Source data
====================
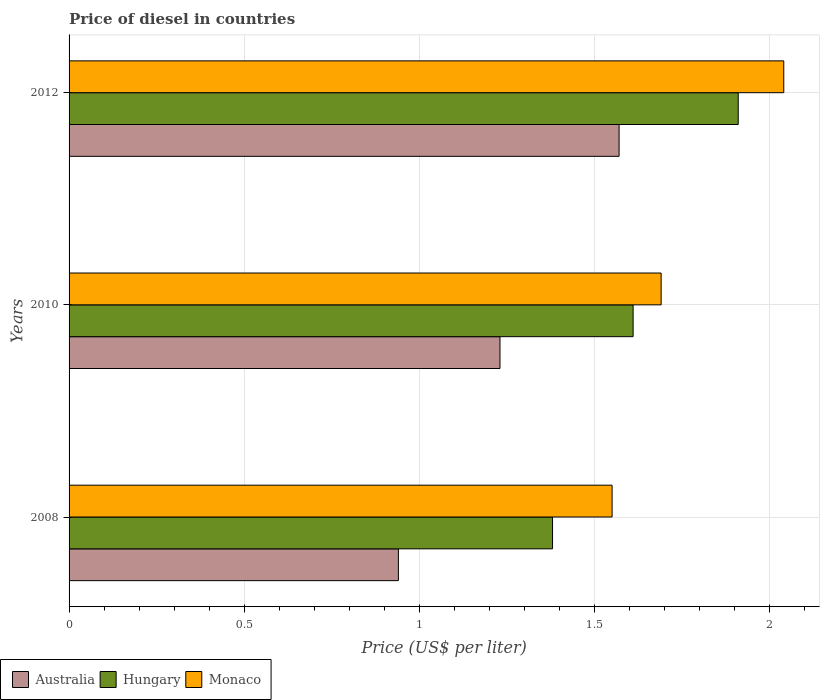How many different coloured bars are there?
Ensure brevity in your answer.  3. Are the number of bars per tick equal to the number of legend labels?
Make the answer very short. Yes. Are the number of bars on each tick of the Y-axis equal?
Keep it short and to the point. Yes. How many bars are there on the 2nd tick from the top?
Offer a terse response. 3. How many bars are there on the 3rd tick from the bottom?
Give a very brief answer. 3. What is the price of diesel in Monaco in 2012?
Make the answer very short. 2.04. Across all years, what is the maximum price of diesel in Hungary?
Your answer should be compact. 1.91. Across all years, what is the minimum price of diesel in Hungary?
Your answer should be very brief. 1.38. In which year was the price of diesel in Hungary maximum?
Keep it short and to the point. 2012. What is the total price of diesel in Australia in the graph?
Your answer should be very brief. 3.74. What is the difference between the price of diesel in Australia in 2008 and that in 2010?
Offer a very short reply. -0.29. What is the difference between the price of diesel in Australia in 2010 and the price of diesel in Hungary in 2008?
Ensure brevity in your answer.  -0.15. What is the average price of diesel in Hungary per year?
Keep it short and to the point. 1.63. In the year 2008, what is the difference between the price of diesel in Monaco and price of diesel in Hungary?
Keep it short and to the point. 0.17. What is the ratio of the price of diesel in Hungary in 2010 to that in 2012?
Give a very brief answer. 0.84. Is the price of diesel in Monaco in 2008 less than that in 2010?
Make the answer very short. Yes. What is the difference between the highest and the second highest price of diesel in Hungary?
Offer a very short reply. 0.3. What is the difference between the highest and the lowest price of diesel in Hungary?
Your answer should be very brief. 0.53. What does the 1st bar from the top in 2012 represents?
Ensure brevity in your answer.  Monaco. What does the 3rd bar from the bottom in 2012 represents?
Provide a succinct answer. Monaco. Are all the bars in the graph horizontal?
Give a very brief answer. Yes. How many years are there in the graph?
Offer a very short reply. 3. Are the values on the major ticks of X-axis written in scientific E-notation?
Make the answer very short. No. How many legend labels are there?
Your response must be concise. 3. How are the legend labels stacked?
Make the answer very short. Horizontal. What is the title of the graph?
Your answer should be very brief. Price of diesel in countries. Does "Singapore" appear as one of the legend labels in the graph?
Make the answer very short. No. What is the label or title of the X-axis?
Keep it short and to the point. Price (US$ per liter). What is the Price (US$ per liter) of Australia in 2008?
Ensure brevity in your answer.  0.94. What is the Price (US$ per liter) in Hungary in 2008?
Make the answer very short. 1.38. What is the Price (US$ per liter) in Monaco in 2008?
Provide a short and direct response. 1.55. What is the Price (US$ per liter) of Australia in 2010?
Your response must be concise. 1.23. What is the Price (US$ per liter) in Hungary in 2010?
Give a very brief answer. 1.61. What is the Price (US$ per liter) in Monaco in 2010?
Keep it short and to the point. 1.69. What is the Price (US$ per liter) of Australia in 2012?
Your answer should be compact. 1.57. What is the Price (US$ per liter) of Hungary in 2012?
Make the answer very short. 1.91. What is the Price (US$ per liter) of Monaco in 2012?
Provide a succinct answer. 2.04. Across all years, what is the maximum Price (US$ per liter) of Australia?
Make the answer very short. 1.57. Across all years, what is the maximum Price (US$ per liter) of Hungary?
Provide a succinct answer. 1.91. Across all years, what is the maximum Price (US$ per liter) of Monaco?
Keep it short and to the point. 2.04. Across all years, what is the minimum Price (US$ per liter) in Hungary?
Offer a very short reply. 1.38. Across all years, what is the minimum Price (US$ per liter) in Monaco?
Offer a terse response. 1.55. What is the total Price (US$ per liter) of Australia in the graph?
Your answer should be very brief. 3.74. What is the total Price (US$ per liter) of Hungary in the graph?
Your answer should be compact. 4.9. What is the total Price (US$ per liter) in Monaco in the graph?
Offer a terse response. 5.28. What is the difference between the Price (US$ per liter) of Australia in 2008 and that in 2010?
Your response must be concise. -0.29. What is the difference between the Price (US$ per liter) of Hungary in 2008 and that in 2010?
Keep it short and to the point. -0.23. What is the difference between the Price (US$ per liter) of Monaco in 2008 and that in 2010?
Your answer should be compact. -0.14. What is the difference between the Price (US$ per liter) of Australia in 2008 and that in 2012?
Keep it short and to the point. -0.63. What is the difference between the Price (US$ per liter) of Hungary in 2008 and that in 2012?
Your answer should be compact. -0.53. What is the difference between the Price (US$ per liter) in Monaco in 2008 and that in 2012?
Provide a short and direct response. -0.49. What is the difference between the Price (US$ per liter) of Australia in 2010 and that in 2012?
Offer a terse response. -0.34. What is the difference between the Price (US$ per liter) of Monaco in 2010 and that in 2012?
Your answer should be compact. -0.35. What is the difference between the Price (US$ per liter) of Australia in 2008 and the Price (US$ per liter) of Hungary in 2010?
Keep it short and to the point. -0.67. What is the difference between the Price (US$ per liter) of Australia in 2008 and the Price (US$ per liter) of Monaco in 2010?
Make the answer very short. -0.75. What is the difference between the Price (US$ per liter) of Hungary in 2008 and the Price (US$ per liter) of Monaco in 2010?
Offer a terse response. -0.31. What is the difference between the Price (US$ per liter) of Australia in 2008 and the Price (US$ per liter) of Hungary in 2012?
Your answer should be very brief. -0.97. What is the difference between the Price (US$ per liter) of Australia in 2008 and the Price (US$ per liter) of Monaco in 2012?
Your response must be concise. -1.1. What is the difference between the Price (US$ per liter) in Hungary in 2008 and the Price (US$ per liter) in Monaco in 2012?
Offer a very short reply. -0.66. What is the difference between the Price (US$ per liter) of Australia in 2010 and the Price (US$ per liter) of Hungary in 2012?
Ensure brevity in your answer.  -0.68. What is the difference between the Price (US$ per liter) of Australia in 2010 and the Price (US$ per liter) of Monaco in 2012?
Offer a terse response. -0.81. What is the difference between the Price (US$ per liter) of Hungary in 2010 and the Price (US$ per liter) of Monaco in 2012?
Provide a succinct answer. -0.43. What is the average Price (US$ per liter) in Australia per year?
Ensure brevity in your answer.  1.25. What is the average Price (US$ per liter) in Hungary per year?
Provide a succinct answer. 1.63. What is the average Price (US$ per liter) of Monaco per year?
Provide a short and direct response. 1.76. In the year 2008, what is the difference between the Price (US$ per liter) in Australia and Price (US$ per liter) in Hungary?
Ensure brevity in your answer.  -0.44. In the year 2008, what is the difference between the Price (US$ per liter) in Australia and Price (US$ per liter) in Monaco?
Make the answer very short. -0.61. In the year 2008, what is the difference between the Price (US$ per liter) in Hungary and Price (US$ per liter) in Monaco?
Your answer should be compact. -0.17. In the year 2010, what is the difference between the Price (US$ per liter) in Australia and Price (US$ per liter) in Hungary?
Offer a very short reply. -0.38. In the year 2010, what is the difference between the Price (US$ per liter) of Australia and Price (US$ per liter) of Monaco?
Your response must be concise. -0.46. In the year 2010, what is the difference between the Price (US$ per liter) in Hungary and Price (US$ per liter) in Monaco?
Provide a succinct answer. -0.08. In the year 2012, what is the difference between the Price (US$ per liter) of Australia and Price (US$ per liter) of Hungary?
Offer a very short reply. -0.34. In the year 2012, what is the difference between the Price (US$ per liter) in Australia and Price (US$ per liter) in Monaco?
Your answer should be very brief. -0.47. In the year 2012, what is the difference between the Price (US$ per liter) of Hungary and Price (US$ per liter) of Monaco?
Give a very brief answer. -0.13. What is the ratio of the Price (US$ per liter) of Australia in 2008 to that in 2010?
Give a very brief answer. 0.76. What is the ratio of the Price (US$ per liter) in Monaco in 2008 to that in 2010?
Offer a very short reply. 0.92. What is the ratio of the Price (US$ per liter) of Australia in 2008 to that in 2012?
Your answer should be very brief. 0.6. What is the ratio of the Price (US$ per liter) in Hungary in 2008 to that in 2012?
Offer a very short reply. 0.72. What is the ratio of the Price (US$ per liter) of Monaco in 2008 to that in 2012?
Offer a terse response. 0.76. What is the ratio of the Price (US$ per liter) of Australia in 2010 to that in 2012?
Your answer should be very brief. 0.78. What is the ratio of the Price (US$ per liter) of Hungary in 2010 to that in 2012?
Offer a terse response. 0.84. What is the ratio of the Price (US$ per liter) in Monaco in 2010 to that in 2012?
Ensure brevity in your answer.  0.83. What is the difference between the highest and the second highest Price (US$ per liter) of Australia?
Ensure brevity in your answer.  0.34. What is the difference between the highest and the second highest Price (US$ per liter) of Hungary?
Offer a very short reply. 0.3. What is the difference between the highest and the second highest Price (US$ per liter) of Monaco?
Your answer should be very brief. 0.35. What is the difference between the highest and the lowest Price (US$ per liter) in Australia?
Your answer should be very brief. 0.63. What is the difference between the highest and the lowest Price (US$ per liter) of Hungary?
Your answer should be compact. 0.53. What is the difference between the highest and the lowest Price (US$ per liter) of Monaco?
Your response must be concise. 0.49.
====================
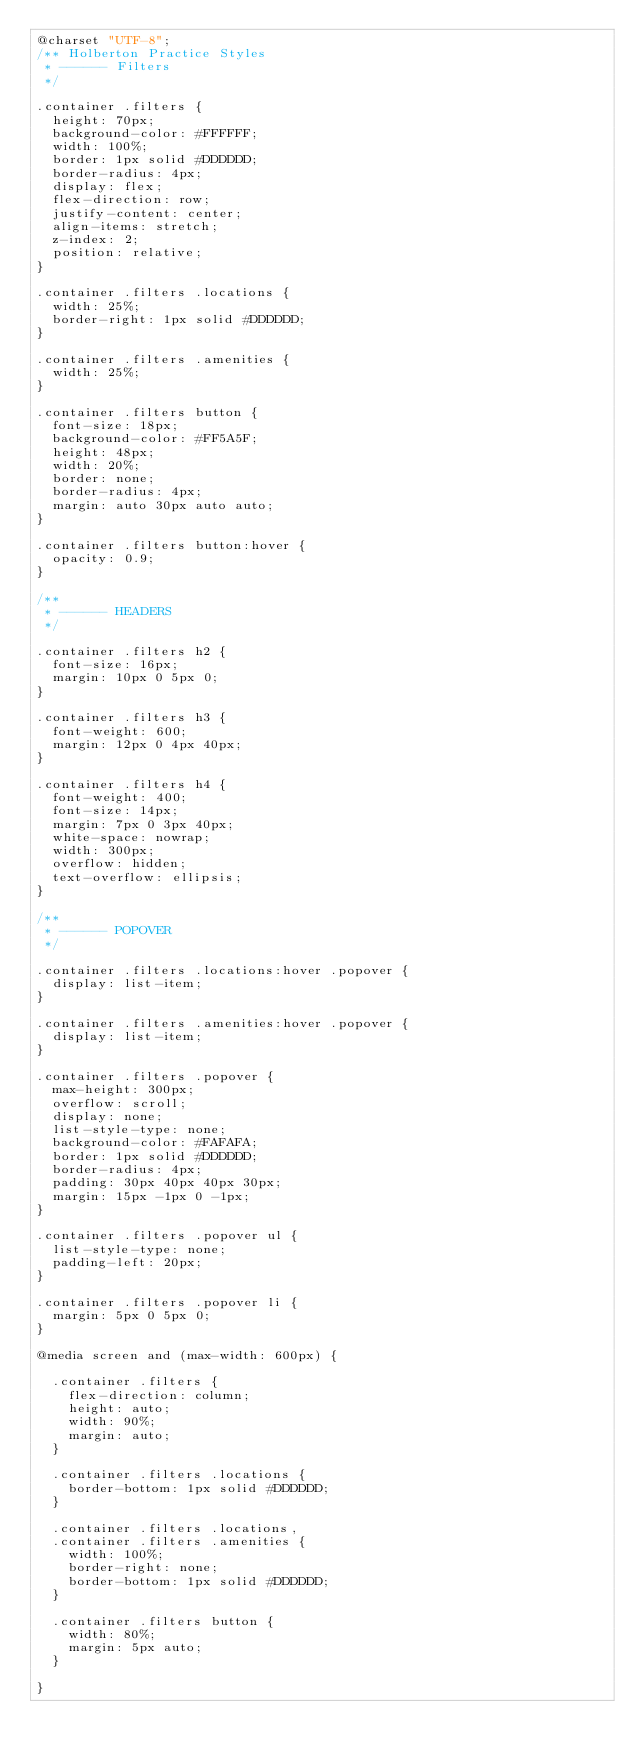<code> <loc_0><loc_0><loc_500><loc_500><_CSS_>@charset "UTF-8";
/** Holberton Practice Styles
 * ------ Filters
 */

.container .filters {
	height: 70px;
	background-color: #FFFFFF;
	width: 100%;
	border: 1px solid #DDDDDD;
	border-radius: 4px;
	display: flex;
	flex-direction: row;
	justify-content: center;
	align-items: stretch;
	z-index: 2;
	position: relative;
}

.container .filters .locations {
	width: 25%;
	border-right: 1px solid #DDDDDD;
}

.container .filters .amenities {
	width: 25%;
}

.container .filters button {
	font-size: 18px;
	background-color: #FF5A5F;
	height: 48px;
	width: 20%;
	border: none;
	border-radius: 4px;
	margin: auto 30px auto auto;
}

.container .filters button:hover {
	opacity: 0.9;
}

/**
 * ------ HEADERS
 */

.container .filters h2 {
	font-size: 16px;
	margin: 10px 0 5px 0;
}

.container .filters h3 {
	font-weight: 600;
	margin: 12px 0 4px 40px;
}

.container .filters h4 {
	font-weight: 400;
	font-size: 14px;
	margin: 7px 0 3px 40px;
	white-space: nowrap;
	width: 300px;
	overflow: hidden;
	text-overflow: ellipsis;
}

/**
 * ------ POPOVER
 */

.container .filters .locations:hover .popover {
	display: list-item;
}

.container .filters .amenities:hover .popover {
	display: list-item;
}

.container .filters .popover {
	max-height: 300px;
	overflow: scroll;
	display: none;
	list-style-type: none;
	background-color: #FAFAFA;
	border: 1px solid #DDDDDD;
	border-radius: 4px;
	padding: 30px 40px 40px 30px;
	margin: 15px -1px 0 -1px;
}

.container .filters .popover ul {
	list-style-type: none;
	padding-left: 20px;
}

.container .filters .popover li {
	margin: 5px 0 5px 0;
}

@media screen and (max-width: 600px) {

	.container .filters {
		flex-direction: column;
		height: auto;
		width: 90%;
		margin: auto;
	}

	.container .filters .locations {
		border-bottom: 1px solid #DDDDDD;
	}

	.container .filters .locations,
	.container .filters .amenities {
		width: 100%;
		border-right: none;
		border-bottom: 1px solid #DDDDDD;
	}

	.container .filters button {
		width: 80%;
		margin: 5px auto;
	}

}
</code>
====================
Task details
Return all lines from the data that include the string "average".

Your response
Ensure brevity in your answer.  -0.15. What is the average price of diesel in Hungary per year?
Provide a succinct answer. -0.43. What is the average Price (US$ per liter) in Australia per year?
Ensure brevity in your answer.  1.25. What is the average Price (US$ per liter) in Hungary per year?
Provide a succinct answer. 1.63. What is the average Price (US$ per liter) of Monaco per year?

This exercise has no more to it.